=== INPUT FOR THIS TASK ===

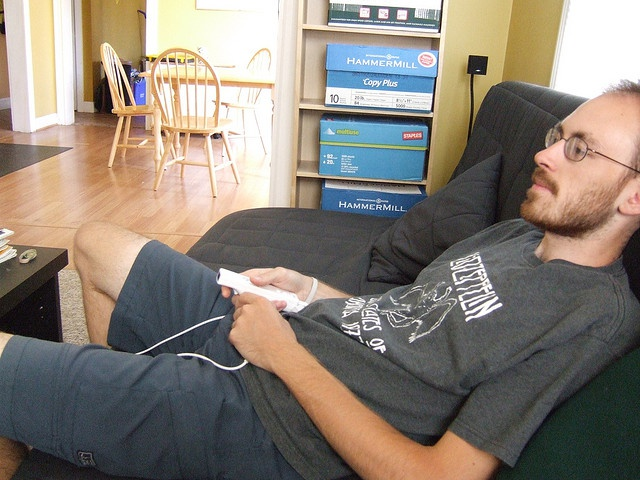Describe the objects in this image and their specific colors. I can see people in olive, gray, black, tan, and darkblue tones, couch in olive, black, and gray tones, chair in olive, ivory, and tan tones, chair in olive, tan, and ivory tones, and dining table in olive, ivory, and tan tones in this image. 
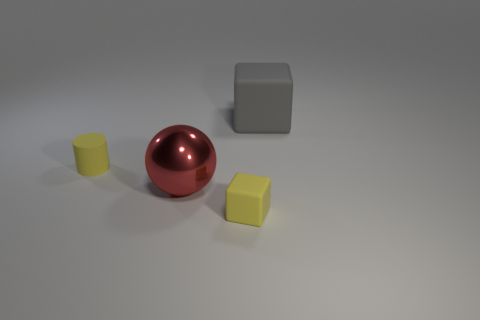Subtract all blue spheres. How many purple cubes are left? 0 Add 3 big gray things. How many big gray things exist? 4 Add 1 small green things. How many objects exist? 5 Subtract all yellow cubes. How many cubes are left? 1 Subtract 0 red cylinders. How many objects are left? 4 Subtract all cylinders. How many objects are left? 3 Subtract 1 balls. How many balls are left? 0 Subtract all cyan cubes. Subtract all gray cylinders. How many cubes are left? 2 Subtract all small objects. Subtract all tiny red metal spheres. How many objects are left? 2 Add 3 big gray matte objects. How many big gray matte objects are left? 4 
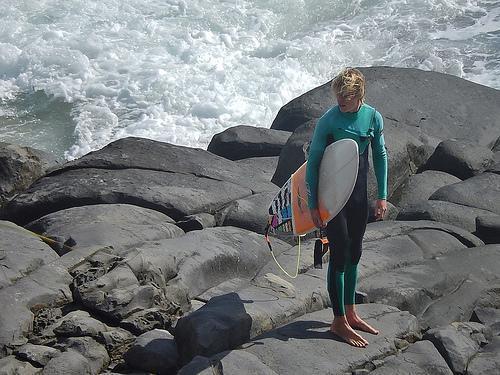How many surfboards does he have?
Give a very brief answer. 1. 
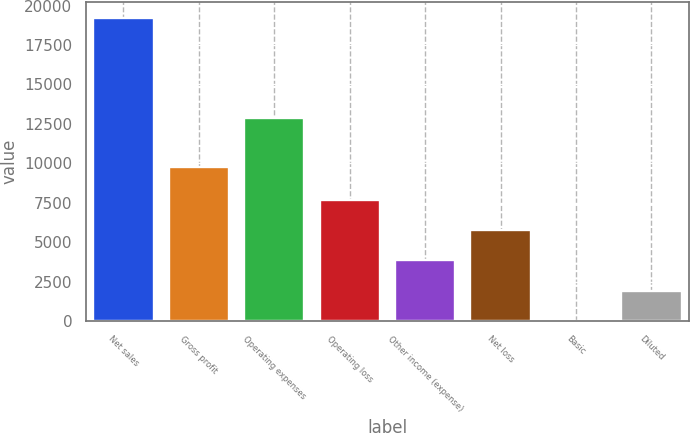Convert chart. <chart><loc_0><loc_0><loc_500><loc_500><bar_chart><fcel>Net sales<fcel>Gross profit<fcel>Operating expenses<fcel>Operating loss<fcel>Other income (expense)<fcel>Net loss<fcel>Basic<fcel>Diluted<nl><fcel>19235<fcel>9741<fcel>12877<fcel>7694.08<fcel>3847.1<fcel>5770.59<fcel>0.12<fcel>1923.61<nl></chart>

===

**TO DO**: Without any pictures, print the whole listing again exactly as it stands.

**EXERCISE ANSWER**:
Describe the objects in this image and their specific colors. I can see people in olive, gray, black, tan, and darkblue tones, couch in olive, black, and gray tones, chair in olive, ivory, and tan tones, chair in olive, tan, and ivory tones, and dining table in olive, ivory, and tan tones in this image. 
Subtract all blue spheres. How many purple cubes are left? 0 Add 3 big gray things. How many big gray things exist? 4 Add 1 small green things. How many objects exist? 5 Subtract all yellow cubes. How many cubes are left? 1 Subtract 0 red cylinders. How many objects are left? 4 Subtract all cylinders. How many objects are left? 3 Subtract 1 balls. How many balls are left? 0 Subtract all cyan cubes. Subtract all gray cylinders. How many cubes are left? 2 Subtract all small objects. Subtract all tiny red metal spheres. How many objects are left? 2 Add 3 big gray matte objects. How many big gray matte objects are left? 4 
How many surfboards does he have?
Give a very brief answer. 1. 
Convert chart. <chart><loc_0><loc_0><loc_500><loc_500><bar_chart><fcel>Net sales<fcel>Gross profit<fcel>Operating expenses<fcel>Operating loss<fcel>Other income (expense)<fcel>Net loss<fcel>Basic<fcel>Diluted<nl><fcel>19235<fcel>9741<fcel>12877<fcel>7694.08<fcel>3847.1<fcel>5770.59<fcel>0.12<fcel>1923.61<nl></chart>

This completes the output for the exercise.